Song
- Written: Morocco
- Songwriter: Traditional

= A Ram Sam Sam =

Moroccan children's song and game

"Ram Sam Sam" (رام سام سام), also known as "A Ram Sam Sam", "Aram Sa-sa", and by other names, is a Moroccan song that has gained popularity as a children's song around the world since the mid-20th century.

==Lyrics==
In most forms, the song has a few lyrics in the Moroccan dialect of Arabic that are continuously repeated, often with increasing speed or as a round.

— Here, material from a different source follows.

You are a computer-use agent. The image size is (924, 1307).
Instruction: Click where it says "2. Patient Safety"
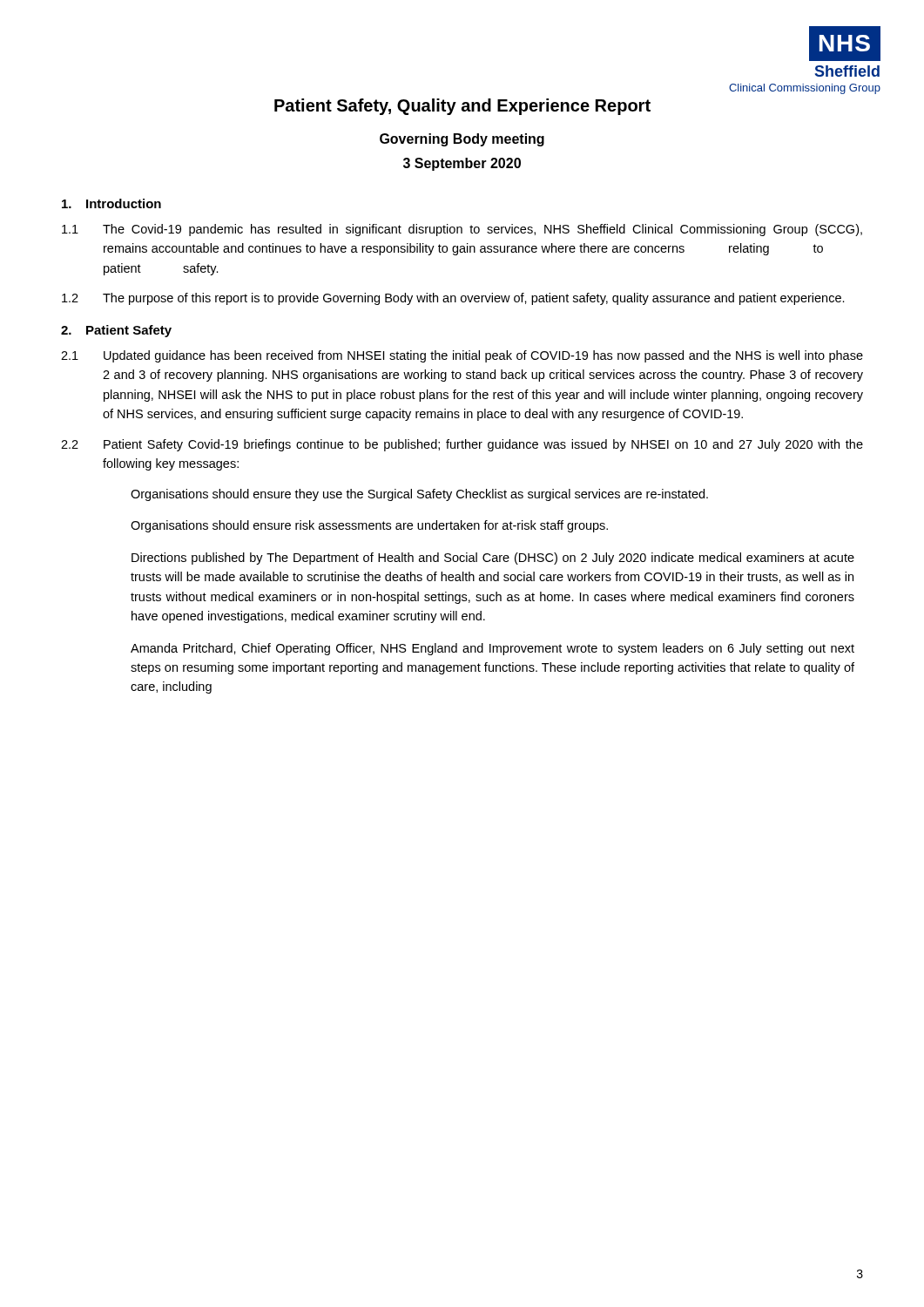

| Arabic | Romanization | English |
|---|---|---|
| ارا زم زم | Ara zam zam | [Give me(ara)zam zam(zam zam water)] |
| قولي قولي قولي قولي قولي | Guli guli guli guli guli | Tell tell tell tell tell [feminine imperative] |
| الرفيق الرفيق | Ar-rafīq ar-rafīq | Friend friend |

The Liverpool folk group The Spinners presented their version of the song, which they learned from an Israeli singer, with the mistaken claim that the words were in Aramaic and meant "Get up on your horse and gallop away".

== Recording history ==
The Spinners included their version titled "Aram Sa-sa" on their 1964 album Folk at the Phil. Rolf Harris recorded the song in 1971 for Columbia Records with The Mike Sammes Singers, including additional lyrics and a distinctive arrangement with backing vocals. The 1981 hit "Wordy Rappinghood" by Tom Tom Club uses the song as a basis. Wee Sing included the song in their 1989 music video Wee Sing in Sillyville. The Basque clown trio Takolo, Pirritx, and Pirrutx (since renamed Pirritx, Porrotx, and MariMotots) recorded a version called "Aran-txan-txan". In 2009, Levon Atayan created a pop dance version called "Aram Zam Zam" and the Russian band Diskoteka Avariya released their version called "The Trendy Dance Aram Zam Zam" (Модный танец Арам Зам Зам", Modnyi tanets Aram Zam Zam). Donikkl und die Weißwürschtl recorded a German version called "Aram Sam Sam". In 2011, Gracey released a Dutch version that reached #75 on the singles charts in the Netherlands and Lorenz Büffel recorded his French version "Aramsamsam" for his album Après Ski Hits 2011.

===Adaptations===
- The Jewish educational television series The Magic Door, which aired in the Chicago area from 1962 to 1982, had a theme song "A Room Zoom Zoom", based on the first two lines of "Ram Sam Sam".
- "Ram Sam Sam" featured in the Tom Tom Club's "Wordy Rappinghood" on their 1981 self-titled debut album, subsequently covered by Chicks on Speed on their 2003 album 99 Cents and by Uffie and DJ Mehdi.
- The Boy Scouts of America adapted the song with the lyrics "A good Cub Scout / A good Cub Scout / A new Tiger Cub and a good Cub Scout..."
- Fast Food Rockers recorded a version in 2003 under the title "Fast Food Song" with lyrics mentioning fast food companies, notably Pizza Hut, Kentucky Fried Chicken and McDonald's. Prior to the recording, the fast-food-centric lyrics had circulated since at least 1990.
- DJ Ötzi's 2003 "Burger Dance" is a similar German version with the same fast food companies but sampling some sections of "The Battle Hymn of the Republic".
- DieAussenseiter's "Aram Sam Sam" includes additional lyrics in German and the English refrain "Jump, jump, motherfucker".